It may be that none of the companies have found the right use case, hit the right price point, adequately addressed privacy concerns, or made something that didn’t still seem…dorky. Or it may simply be that, with tech layoffs hitting everywhere, resources devoted to smart glasses were early on the chopping block. They may be a product whose time has not quite come…or may never.
That’s not to say that we aren’t going to use headsets (like Microsoft’s Hololens) to access the metaverse (whatever that turns our to be) or other deeply immersive experiences, but my question is what’s going to replace the smartphone as our go-to, all-the-time way to access information and interact with others?
We’ve gotten used to lugging around our smartphones – in our hands, our purses, our pants, even in our watches – and it is a marvel the computing power that has been packed into them and the uses we’ve found for them.

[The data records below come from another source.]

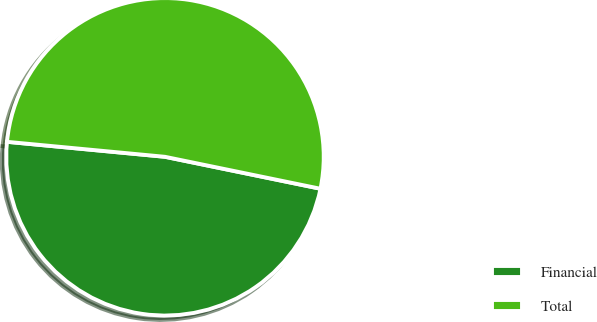Convert chart. <chart><loc_0><loc_0><loc_500><loc_500><pie_chart><fcel>Financial<fcel>Total<nl><fcel>48.28%<fcel>51.72%<nl></chart> 
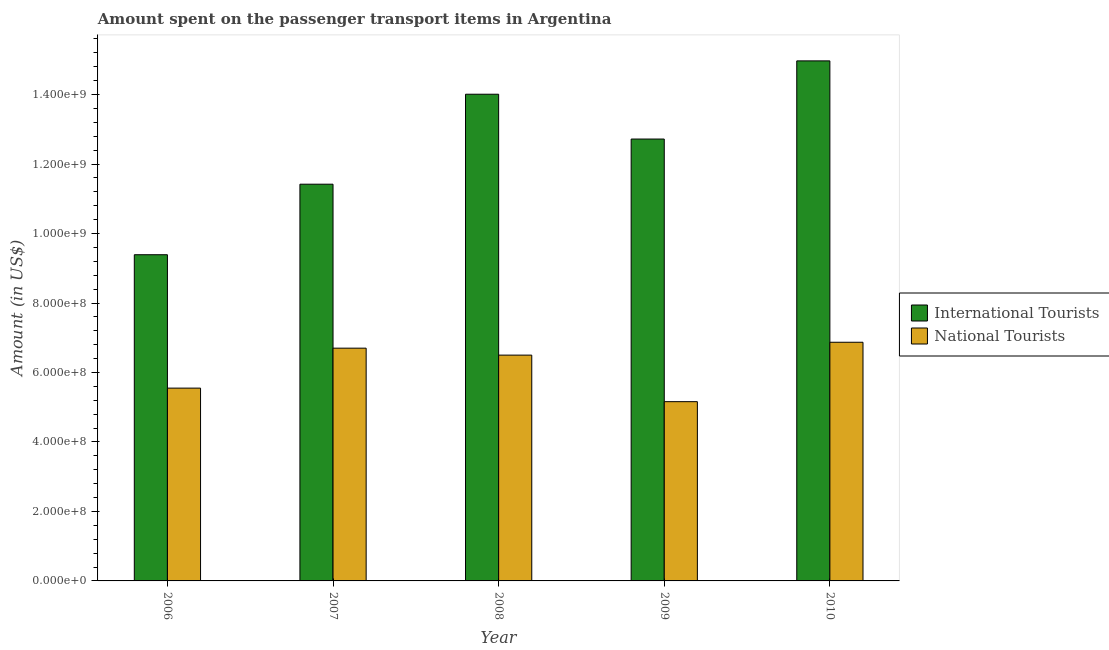How many groups of bars are there?
Offer a very short reply. 5. Are the number of bars per tick equal to the number of legend labels?
Offer a very short reply. Yes. Are the number of bars on each tick of the X-axis equal?
Provide a succinct answer. Yes. How many bars are there on the 2nd tick from the left?
Your response must be concise. 2. How many bars are there on the 5th tick from the right?
Ensure brevity in your answer.  2. What is the label of the 4th group of bars from the left?
Provide a short and direct response. 2009. What is the amount spent on transport items of international tourists in 2009?
Your answer should be very brief. 1.27e+09. Across all years, what is the maximum amount spent on transport items of international tourists?
Offer a very short reply. 1.50e+09. Across all years, what is the minimum amount spent on transport items of national tourists?
Your answer should be very brief. 5.16e+08. What is the total amount spent on transport items of national tourists in the graph?
Offer a very short reply. 3.08e+09. What is the difference between the amount spent on transport items of international tourists in 2008 and that in 2010?
Offer a terse response. -9.60e+07. What is the difference between the amount spent on transport items of national tourists in 2010 and the amount spent on transport items of international tourists in 2007?
Your answer should be very brief. 1.70e+07. What is the average amount spent on transport items of international tourists per year?
Make the answer very short. 1.25e+09. In how many years, is the amount spent on transport items of international tourists greater than 640000000 US$?
Ensure brevity in your answer.  5. What is the ratio of the amount spent on transport items of international tourists in 2006 to that in 2007?
Offer a terse response. 0.82. Is the amount spent on transport items of international tourists in 2009 less than that in 2010?
Your answer should be compact. Yes. What is the difference between the highest and the second highest amount spent on transport items of national tourists?
Your answer should be very brief. 1.70e+07. What is the difference between the highest and the lowest amount spent on transport items of national tourists?
Offer a very short reply. 1.71e+08. In how many years, is the amount spent on transport items of national tourists greater than the average amount spent on transport items of national tourists taken over all years?
Your response must be concise. 3. Is the sum of the amount spent on transport items of international tourists in 2006 and 2009 greater than the maximum amount spent on transport items of national tourists across all years?
Provide a succinct answer. Yes. What does the 2nd bar from the left in 2010 represents?
Give a very brief answer. National Tourists. What does the 1st bar from the right in 2007 represents?
Provide a succinct answer. National Tourists. Are all the bars in the graph horizontal?
Provide a succinct answer. No. How many years are there in the graph?
Provide a short and direct response. 5. Does the graph contain any zero values?
Give a very brief answer. No. Does the graph contain grids?
Your answer should be very brief. No. Where does the legend appear in the graph?
Provide a succinct answer. Center right. How many legend labels are there?
Make the answer very short. 2. What is the title of the graph?
Keep it short and to the point. Amount spent on the passenger transport items in Argentina. Does "Chemicals" appear as one of the legend labels in the graph?
Your answer should be very brief. No. What is the label or title of the X-axis?
Provide a short and direct response. Year. What is the Amount (in US$) of International Tourists in 2006?
Give a very brief answer. 9.39e+08. What is the Amount (in US$) in National Tourists in 2006?
Provide a short and direct response. 5.55e+08. What is the Amount (in US$) in International Tourists in 2007?
Offer a terse response. 1.14e+09. What is the Amount (in US$) of National Tourists in 2007?
Give a very brief answer. 6.70e+08. What is the Amount (in US$) in International Tourists in 2008?
Ensure brevity in your answer.  1.40e+09. What is the Amount (in US$) in National Tourists in 2008?
Offer a very short reply. 6.50e+08. What is the Amount (in US$) in International Tourists in 2009?
Your response must be concise. 1.27e+09. What is the Amount (in US$) in National Tourists in 2009?
Provide a succinct answer. 5.16e+08. What is the Amount (in US$) of International Tourists in 2010?
Give a very brief answer. 1.50e+09. What is the Amount (in US$) of National Tourists in 2010?
Offer a very short reply. 6.87e+08. Across all years, what is the maximum Amount (in US$) in International Tourists?
Ensure brevity in your answer.  1.50e+09. Across all years, what is the maximum Amount (in US$) of National Tourists?
Your answer should be very brief. 6.87e+08. Across all years, what is the minimum Amount (in US$) of International Tourists?
Provide a short and direct response. 9.39e+08. Across all years, what is the minimum Amount (in US$) of National Tourists?
Offer a terse response. 5.16e+08. What is the total Amount (in US$) of International Tourists in the graph?
Your answer should be compact. 6.25e+09. What is the total Amount (in US$) of National Tourists in the graph?
Offer a very short reply. 3.08e+09. What is the difference between the Amount (in US$) in International Tourists in 2006 and that in 2007?
Give a very brief answer. -2.03e+08. What is the difference between the Amount (in US$) of National Tourists in 2006 and that in 2007?
Provide a succinct answer. -1.15e+08. What is the difference between the Amount (in US$) of International Tourists in 2006 and that in 2008?
Provide a succinct answer. -4.62e+08. What is the difference between the Amount (in US$) of National Tourists in 2006 and that in 2008?
Make the answer very short. -9.50e+07. What is the difference between the Amount (in US$) of International Tourists in 2006 and that in 2009?
Your answer should be compact. -3.33e+08. What is the difference between the Amount (in US$) in National Tourists in 2006 and that in 2009?
Give a very brief answer. 3.90e+07. What is the difference between the Amount (in US$) in International Tourists in 2006 and that in 2010?
Provide a short and direct response. -5.58e+08. What is the difference between the Amount (in US$) in National Tourists in 2006 and that in 2010?
Your response must be concise. -1.32e+08. What is the difference between the Amount (in US$) of International Tourists in 2007 and that in 2008?
Give a very brief answer. -2.59e+08. What is the difference between the Amount (in US$) of International Tourists in 2007 and that in 2009?
Ensure brevity in your answer.  -1.30e+08. What is the difference between the Amount (in US$) in National Tourists in 2007 and that in 2009?
Keep it short and to the point. 1.54e+08. What is the difference between the Amount (in US$) in International Tourists in 2007 and that in 2010?
Provide a succinct answer. -3.55e+08. What is the difference between the Amount (in US$) in National Tourists in 2007 and that in 2010?
Ensure brevity in your answer.  -1.70e+07. What is the difference between the Amount (in US$) of International Tourists in 2008 and that in 2009?
Provide a succinct answer. 1.29e+08. What is the difference between the Amount (in US$) of National Tourists in 2008 and that in 2009?
Your response must be concise. 1.34e+08. What is the difference between the Amount (in US$) in International Tourists in 2008 and that in 2010?
Your answer should be compact. -9.60e+07. What is the difference between the Amount (in US$) in National Tourists in 2008 and that in 2010?
Your answer should be very brief. -3.70e+07. What is the difference between the Amount (in US$) of International Tourists in 2009 and that in 2010?
Give a very brief answer. -2.25e+08. What is the difference between the Amount (in US$) of National Tourists in 2009 and that in 2010?
Ensure brevity in your answer.  -1.71e+08. What is the difference between the Amount (in US$) of International Tourists in 2006 and the Amount (in US$) of National Tourists in 2007?
Offer a very short reply. 2.69e+08. What is the difference between the Amount (in US$) of International Tourists in 2006 and the Amount (in US$) of National Tourists in 2008?
Provide a succinct answer. 2.89e+08. What is the difference between the Amount (in US$) in International Tourists in 2006 and the Amount (in US$) in National Tourists in 2009?
Keep it short and to the point. 4.23e+08. What is the difference between the Amount (in US$) in International Tourists in 2006 and the Amount (in US$) in National Tourists in 2010?
Provide a short and direct response. 2.52e+08. What is the difference between the Amount (in US$) of International Tourists in 2007 and the Amount (in US$) of National Tourists in 2008?
Provide a short and direct response. 4.92e+08. What is the difference between the Amount (in US$) of International Tourists in 2007 and the Amount (in US$) of National Tourists in 2009?
Keep it short and to the point. 6.26e+08. What is the difference between the Amount (in US$) in International Tourists in 2007 and the Amount (in US$) in National Tourists in 2010?
Ensure brevity in your answer.  4.55e+08. What is the difference between the Amount (in US$) of International Tourists in 2008 and the Amount (in US$) of National Tourists in 2009?
Offer a terse response. 8.85e+08. What is the difference between the Amount (in US$) of International Tourists in 2008 and the Amount (in US$) of National Tourists in 2010?
Give a very brief answer. 7.14e+08. What is the difference between the Amount (in US$) of International Tourists in 2009 and the Amount (in US$) of National Tourists in 2010?
Give a very brief answer. 5.85e+08. What is the average Amount (in US$) of International Tourists per year?
Offer a very short reply. 1.25e+09. What is the average Amount (in US$) in National Tourists per year?
Give a very brief answer. 6.16e+08. In the year 2006, what is the difference between the Amount (in US$) of International Tourists and Amount (in US$) of National Tourists?
Ensure brevity in your answer.  3.84e+08. In the year 2007, what is the difference between the Amount (in US$) in International Tourists and Amount (in US$) in National Tourists?
Provide a succinct answer. 4.72e+08. In the year 2008, what is the difference between the Amount (in US$) of International Tourists and Amount (in US$) of National Tourists?
Provide a short and direct response. 7.51e+08. In the year 2009, what is the difference between the Amount (in US$) in International Tourists and Amount (in US$) in National Tourists?
Offer a terse response. 7.56e+08. In the year 2010, what is the difference between the Amount (in US$) in International Tourists and Amount (in US$) in National Tourists?
Offer a very short reply. 8.10e+08. What is the ratio of the Amount (in US$) in International Tourists in 2006 to that in 2007?
Provide a short and direct response. 0.82. What is the ratio of the Amount (in US$) in National Tourists in 2006 to that in 2007?
Provide a short and direct response. 0.83. What is the ratio of the Amount (in US$) of International Tourists in 2006 to that in 2008?
Provide a short and direct response. 0.67. What is the ratio of the Amount (in US$) in National Tourists in 2006 to that in 2008?
Give a very brief answer. 0.85. What is the ratio of the Amount (in US$) of International Tourists in 2006 to that in 2009?
Make the answer very short. 0.74. What is the ratio of the Amount (in US$) of National Tourists in 2006 to that in 2009?
Offer a very short reply. 1.08. What is the ratio of the Amount (in US$) in International Tourists in 2006 to that in 2010?
Offer a terse response. 0.63. What is the ratio of the Amount (in US$) of National Tourists in 2006 to that in 2010?
Offer a terse response. 0.81. What is the ratio of the Amount (in US$) in International Tourists in 2007 to that in 2008?
Provide a succinct answer. 0.82. What is the ratio of the Amount (in US$) in National Tourists in 2007 to that in 2008?
Your response must be concise. 1.03. What is the ratio of the Amount (in US$) of International Tourists in 2007 to that in 2009?
Provide a short and direct response. 0.9. What is the ratio of the Amount (in US$) in National Tourists in 2007 to that in 2009?
Offer a very short reply. 1.3. What is the ratio of the Amount (in US$) in International Tourists in 2007 to that in 2010?
Keep it short and to the point. 0.76. What is the ratio of the Amount (in US$) of National Tourists in 2007 to that in 2010?
Make the answer very short. 0.98. What is the ratio of the Amount (in US$) in International Tourists in 2008 to that in 2009?
Your answer should be very brief. 1.1. What is the ratio of the Amount (in US$) in National Tourists in 2008 to that in 2009?
Give a very brief answer. 1.26. What is the ratio of the Amount (in US$) of International Tourists in 2008 to that in 2010?
Offer a very short reply. 0.94. What is the ratio of the Amount (in US$) in National Tourists in 2008 to that in 2010?
Your response must be concise. 0.95. What is the ratio of the Amount (in US$) in International Tourists in 2009 to that in 2010?
Keep it short and to the point. 0.85. What is the ratio of the Amount (in US$) of National Tourists in 2009 to that in 2010?
Provide a short and direct response. 0.75. What is the difference between the highest and the second highest Amount (in US$) in International Tourists?
Keep it short and to the point. 9.60e+07. What is the difference between the highest and the second highest Amount (in US$) in National Tourists?
Provide a succinct answer. 1.70e+07. What is the difference between the highest and the lowest Amount (in US$) of International Tourists?
Make the answer very short. 5.58e+08. What is the difference between the highest and the lowest Amount (in US$) in National Tourists?
Your answer should be very brief. 1.71e+08.

But, at the end of the day, we’re still carrying around this device, whose presence we have to be mindful of, whose battery level we have to worry about, and whose screen we have to periodically use.
Transistor radios – for any of you old enough to remember them – brought about a similar sense of mobility, but the Walkman (and its descendants) made them obsolete, just as the smartphone rendered them superfluous. Something will do that to smartphones too.
What we want is all the computing power, all that access to information and transactions, all that mobility, but without, you know, having to carry around the actual device. Google Glass seemed like a potential road, but right now that looks like a road less taken (unless Apple pulls another proverbial rabbit out of its product hat if and when it comes out with its AR glasses).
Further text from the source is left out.